Wednesday, August 07, 2013

The best way to keep your phone charged is not to use your phone?

My iPhone was driving me crazy. The battery just wasn’t lasting unless I turned everything off, but what’s the point of a smartphone without location services and GPS? I finally gave up and bought a Mophie case with an external battery; to demonstrate how much I needed it, I couldn’t get the Apple Store app to work correctly so that I could just point at it and walk out with it, because location services were turned off for that app. Jeesh. If that’s the way things are, I might as well go back to a Touch. Anyhow, I charged the Mophie up last night and now I’m putting it through its paces to see how long it takes to drain. It does weigh more than a naked phone, needless to say, but not so much that it’s terribly bothersome. Whether I’ll use it all the time or just occasionally remains to be seen. Either way, I feel better having technology that I can use at its limit, rather than limiting how I use my technology. As I said, if it’s not doing what it’s supposed to do, what’s the point?

[24 hours later]

Used it all day, including a couple of hours of Bluetooth, all preferred location services set on stun, etc., etc. All in all, a typical day. This morning, when I checked, I was finally off the Mophie backup and into the iPhone battery (whieh said 98%). In other words, the Mophie can get me through anything I throw at it, which juice to spare. Excellent. I probably won't use it on a normal working day, because the extra weight is, well, extra weight, but weekends and debate trips? Moph it is!

Meanwhile, JV, Kaz and I are beginning to explore the tabroom tabbing software (which I have to admit sounds redundant). We got off with a misfire Monday, stupidly looking for the application in all the wrong places, but CP, who is too busy planning his trip to London to reclaim the family duchy* to bother with the likes of us, found a minute to set us straight. And so, we're off. I'll report on progress as I see it. If you're wondering why we're doing this at all, given that we have a system that theoretically works already, well, first of all, TRPC is short for this world at the level of Basic being able to run on modern Windows systems. And as we move to MJP pretty much everywhere, CP claims that the new system works much better than what we're doing now, which is at an average tournament of about 100, TRPC finds judges for 75% of them and we have to manually do the rest. As he says, a computer can juggle numbers better than we can, provided the computer is set up right. Add to this the intriguing bells and whistles of online balloting and it's a gimme. So while we are, like all users, fearful of change, we are nonetheless gung-ho about the benefits of the change.

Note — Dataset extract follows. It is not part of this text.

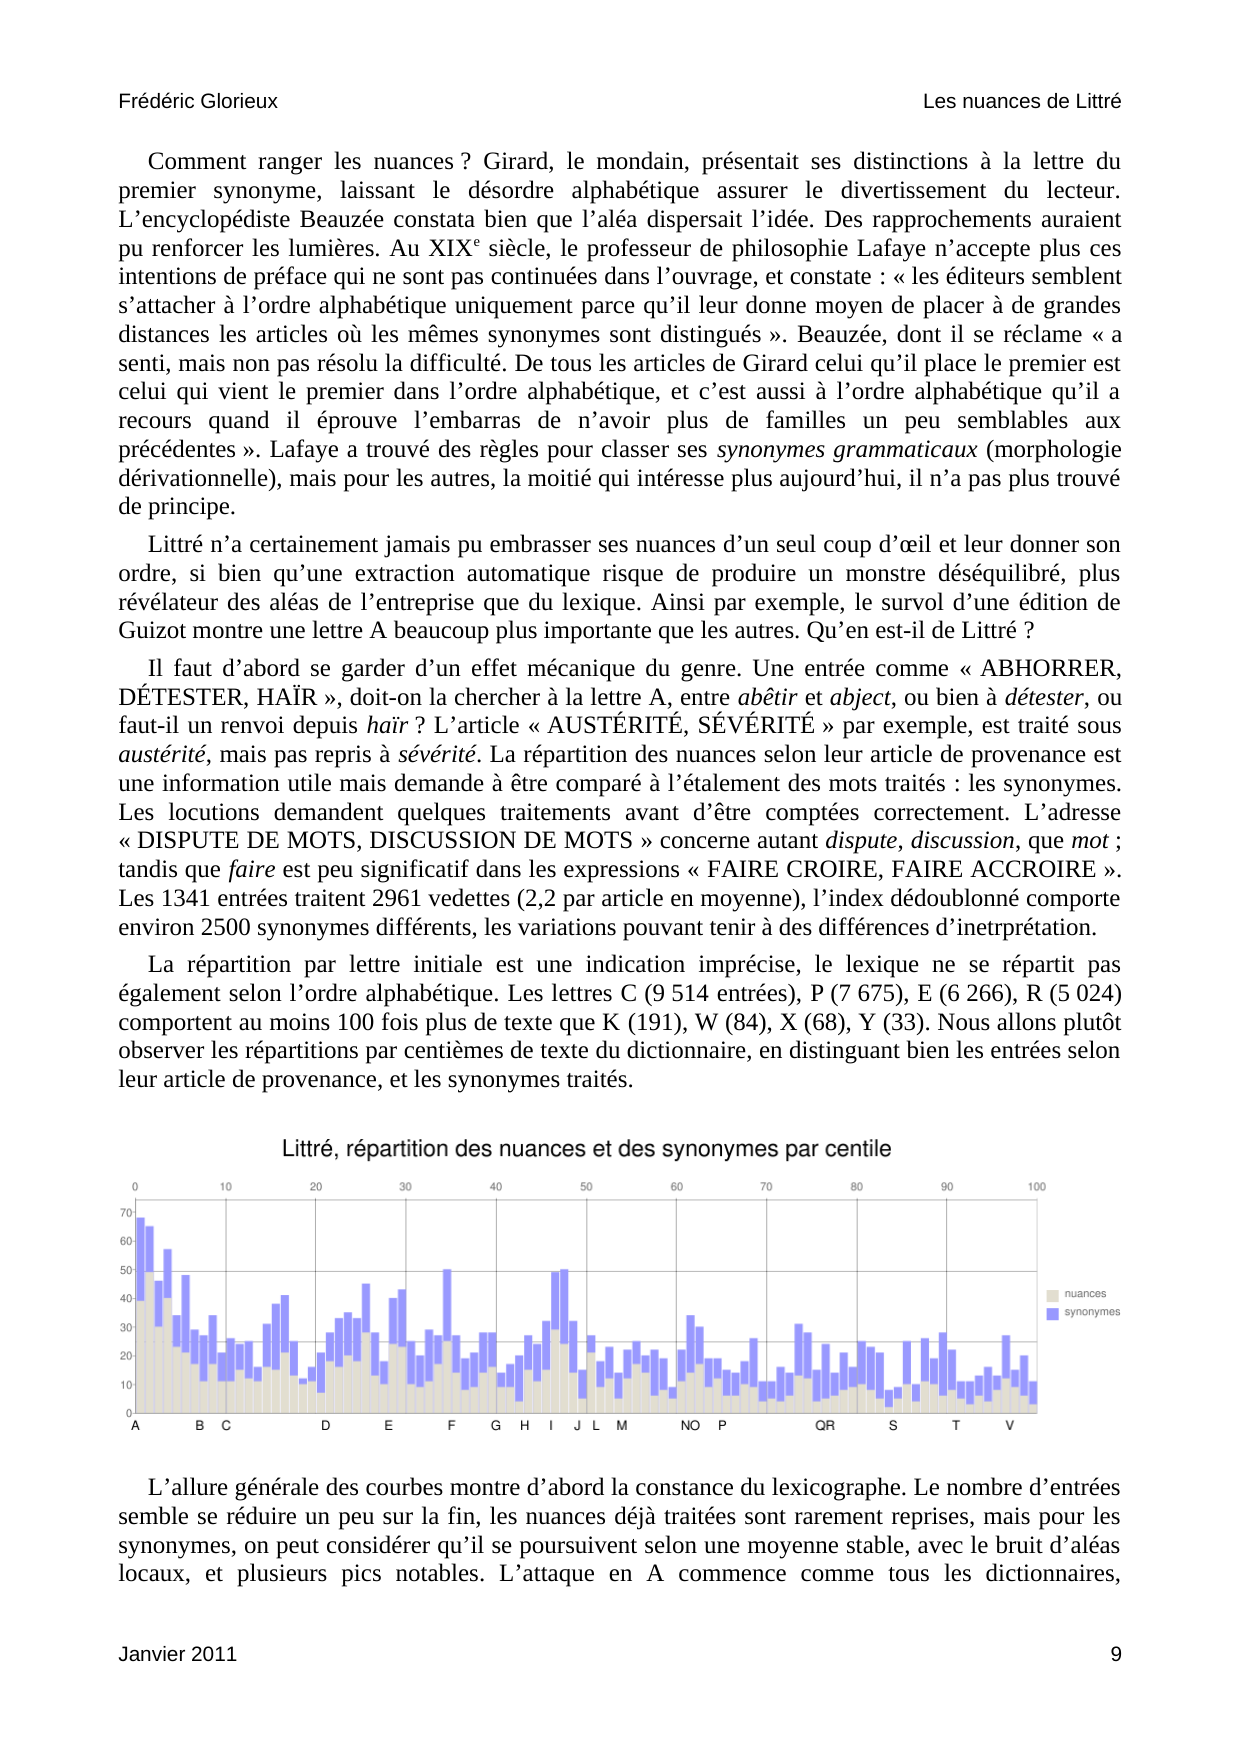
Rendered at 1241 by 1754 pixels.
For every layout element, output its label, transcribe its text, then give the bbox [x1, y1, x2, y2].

Oh, yeah. I was reading The Second Sex but got interrupted by the new Bertie and Jeeves pastiche. I'll bet that happens to de Beauvoir fans all the time. I'll get back to her as soon as Jeeves gets Bertie out of all that trouble he inevitably gets into. (More importantly, CLG was right: TSS is the book to recommend as a starting point for feminism.)


*CP's family duchy is actually in France, I think, but let's face it. France, England, they're all Europe, right? What difference does it make?